Не буду описывать этот долгий и трудный бой. Здесь не место, да и я не тот человек. Я никогда не восхищался теми биографами великих детективов, которые то и дело уводят повествование в сторону, чтобы продемонстрировать широту собственных интересов. Моя же работа — вести хронику триумфов именно сержанта Бифа, а не его помощника.
Между раундами Биф предпринял тщательно продуманные попытки завести серьёзный разговор. Какое-то время бой шёл хотя и спокойно, но с переменным успехом, и, думаю, волнение сержанта заставило его проговориться.
— Знаете, мистер Таунсенд, — сказал он, наблюдая, как секундант Голсуорси обмахивают того полотенцем после второго раунда, — я тут посоветовался с миссис Биф. И решил, что, если они не дадут мне работу в Ярде, то я отправлюсь почивать на лаврах.
— На лаврах?
— Я имею в виду, уволюсь из полиции, — сказала Биф с большим достоинством.
Наша беседа была прервана гонгом, и в этом раунде казалось, что у Смита было явное преимущество. Большую часть времени он атаковал, и, хотя защита Голсуорси по большей части была на уровне, прежде, чем раунд закончился, он пропустил несколько ударов.

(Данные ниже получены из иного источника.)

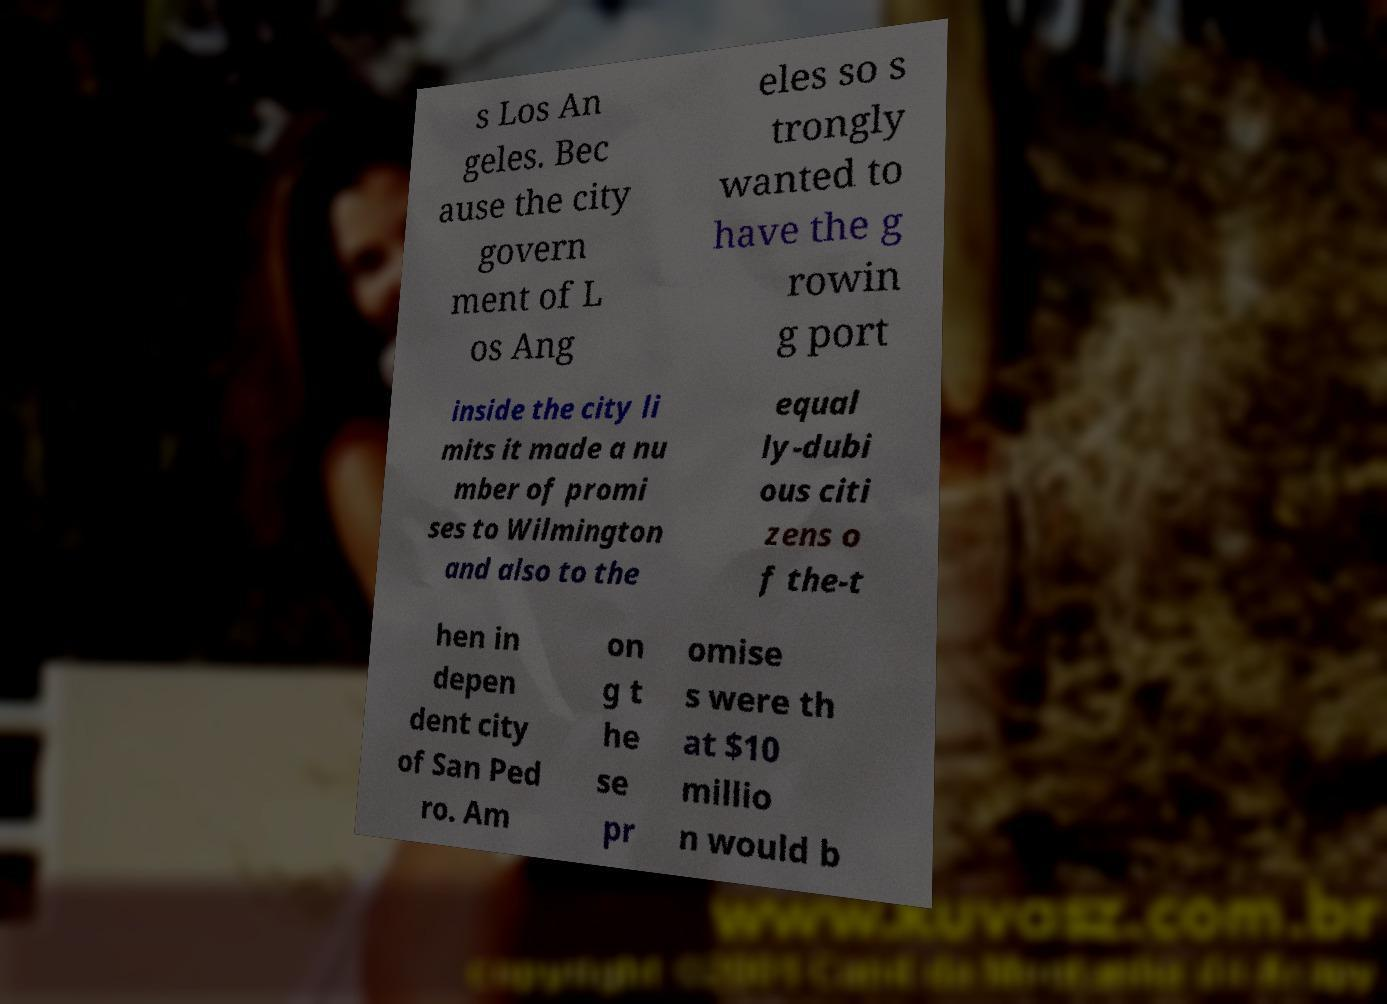Can you accurately transcribe the text from the provided image for me? s Los An geles. Bec ause the city govern ment of L os Ang eles so s trongly wanted to have the g rowin g port inside the city li mits it made a nu mber of promi ses to Wilmington and also to the equal ly-dubi ous citi zens o f the-t hen in depen dent city of San Ped ro. Am on g t he se pr omise s were th at $10 millio n would b

Биф, казалось, ещё больше стремился поговорить о других вещах.
— Но что заставляет вас думать, что есть хоть единый шанс, что вас возьмут в Ярд? — спросил я, сильно удивлённый самой такой мыслью.
— Полагаю, имею на это полное право! — воскликнул Биф. — В конце концов, я действительно нахожу разгадку, не так ли?
— Вы сделали это в данном случае, — сказал я немного сдержанно.
— Хорошо. Пусть так. Но если я не получу повышения, то уволюсь.